Decentralized DC MicroGrid Monitoring and Optimization via Primary Control Perturbations
This work addresses the need for communication-free monitoring and optimization in DC MicroGrids, which is important for system operators seeking reliable and scalable control in high-penetration power electronic environments.
The paper proposes a decentralized method for DC MicroGrids to estimate generation capacities, load demands, and line conductances using only local voltage measurements and primary control perturbations, eliminating the need for external communication. The approach enables autonomous optimal economic dispatch, with evaluations confirming its effectiveness.
We treat the emerging power systems with direct current (DC) MicroGrids, characterized with high penetration of power electronic converters. We rely on the power electronics to propose a decentralized solution for autonomous learning of and adaptation to the operating conditions of the DC Mirogrids; the goal is to eliminate the need to rely on an external communication system for such purpose. The solution works within the primary droop control loops and uses only local bus voltage measurements. Each controller is able to estimate (i) the generation capacities of power sources, (ii) the load demands, and (iii) the conductances of the distribution lines.

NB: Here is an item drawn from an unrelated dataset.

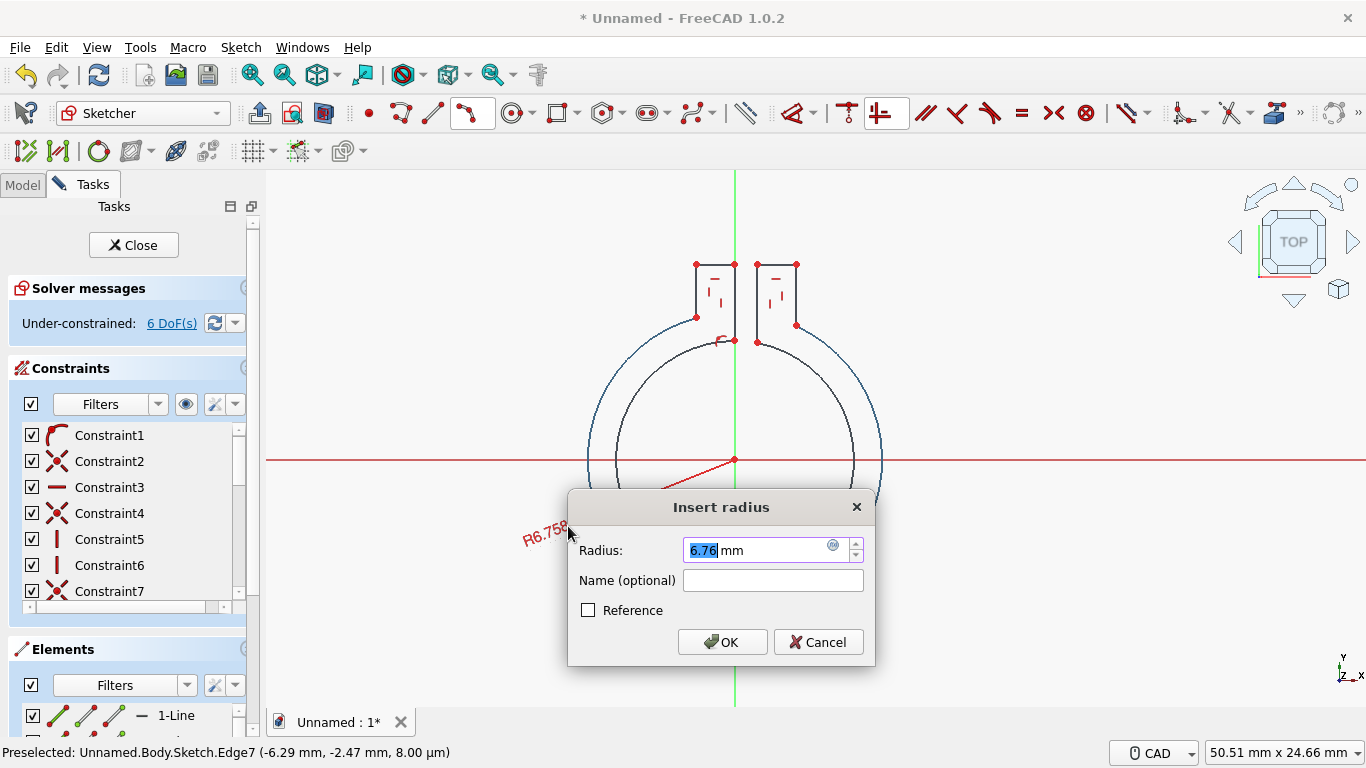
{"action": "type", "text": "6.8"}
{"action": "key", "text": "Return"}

To define a well-conditioned estimation problem, we employ decentralized strategy where the primary droop controllers temporarily switch between operating points in a coordinated manner, following amplitude-modulated training sequences. We study the use of the estimator in a decentralized solution of the Optimal Economic Dispatch problem. The evaluations confirm the usefulness of the proposed solution for autonomous MicroGrid operation.